Mr. Maalin became famous as being the last person to have endemic smallpox in October 1977 in Somalia. He dedicated his life to helping with the polio eradication project, working as a certified vaccinator. As a lifelong resident of Somalia, he certainly had been infected with malaria in his past, but that did not help when he became infected with a severe, fatal case of malaria later in life. This can be a difficult concept to get across to the adults who have not visited their home country in recent years, and want to take their children to see their grandparents. They frequently think that because they grew up in a country with malaria, that they are immune, and therefore, do not need prophylaxis. I often use Mr. Maalin’s story to convince them otherwise.

There are genetic factors that help protect some members of the population from malaria. Hemoglobinopathies, such as sickle cell trait, hemoglobin C, thalassemia and glucose-6-phosphate dehydrogenase deficiency provide some natural protection, as apparently, these protozoa do not find the erythrocytes of these patients suitable.

Please refer to my column in May 2003 for another case of malaria with more discussion. There is a live, attenuated vaccine in development that apparently shows promise. Stay tuned.
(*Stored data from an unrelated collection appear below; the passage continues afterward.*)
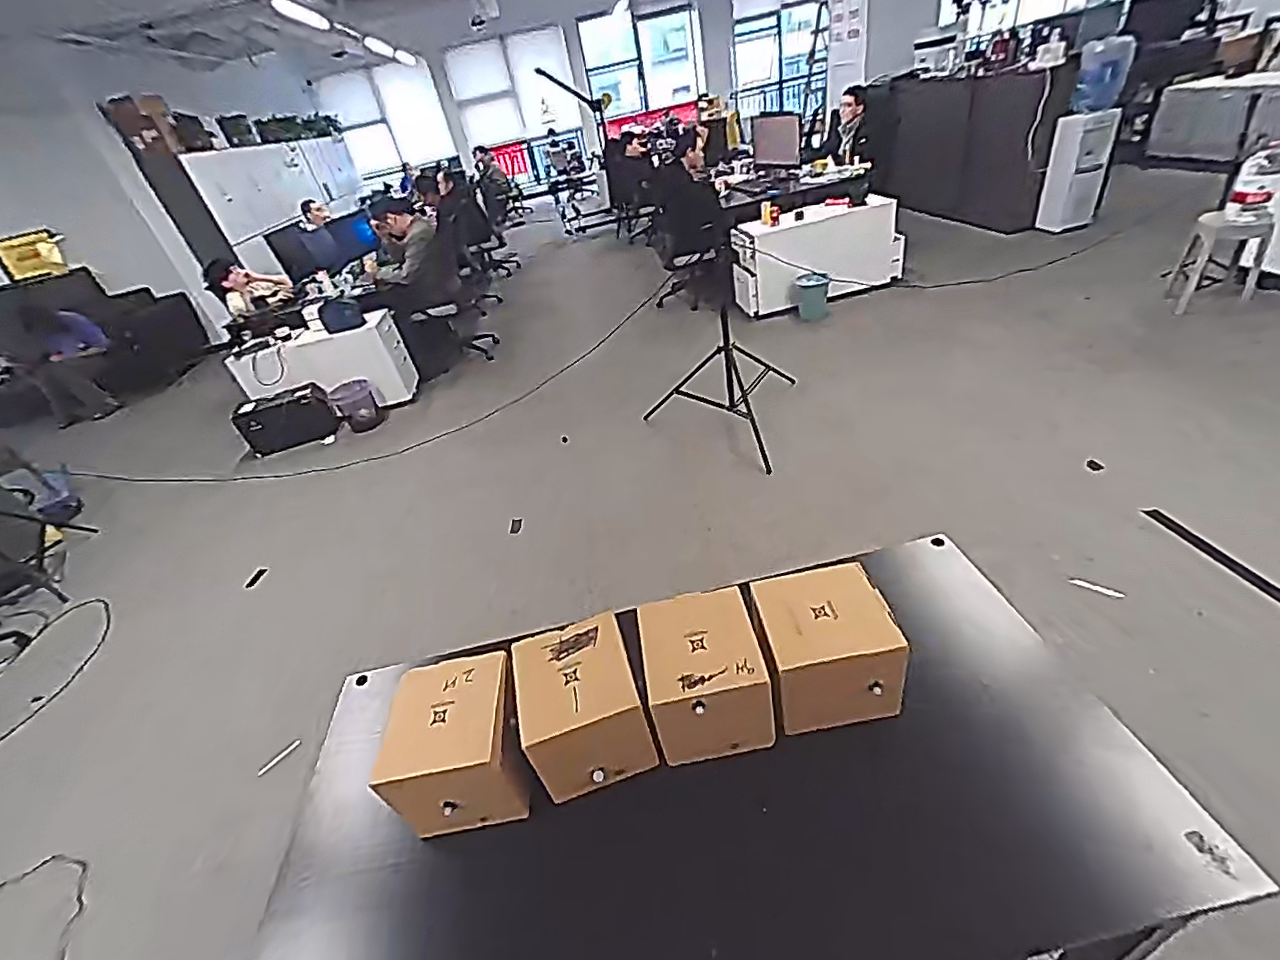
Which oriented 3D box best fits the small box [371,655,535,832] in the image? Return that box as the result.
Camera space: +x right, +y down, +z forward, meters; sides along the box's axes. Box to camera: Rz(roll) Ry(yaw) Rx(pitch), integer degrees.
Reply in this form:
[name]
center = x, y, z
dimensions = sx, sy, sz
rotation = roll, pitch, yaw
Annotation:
[small box]
center = -0.263, 0.398, 0.811
dimensions = 0.168, 0.176, 0.179
rotation = -12, 34, 1

Babesiosis is caused by another intraerythrocytic parasite, Babesia microti (Figure 5), which is transmitted by the bite of a tick, causing a flu-like illness, similar to malaria in most symptomatic cases. Most infections are asymptomatic, but in some individuals, it can be life threatening. Babesiosis is seen in the United States in the Northeastern and Midwestern parts of the country. If the “Maltese Cross” form is seen, as seen in Figure 5, it is virtually diagnostic. Antibody testing can be used in cases where no parasites are seen microscopically. Treatment is usually with clindamycin plus quinine or atovaquone plus azithromycin for 7 to 10 days.

Leishmaniasis should not be in the differential diagnosis. It has been featured in my column on three occasions; August 1991, March 1996 and January 2014, which you may find useful.

Disclosure: Brien reports no relevant financial disclosures.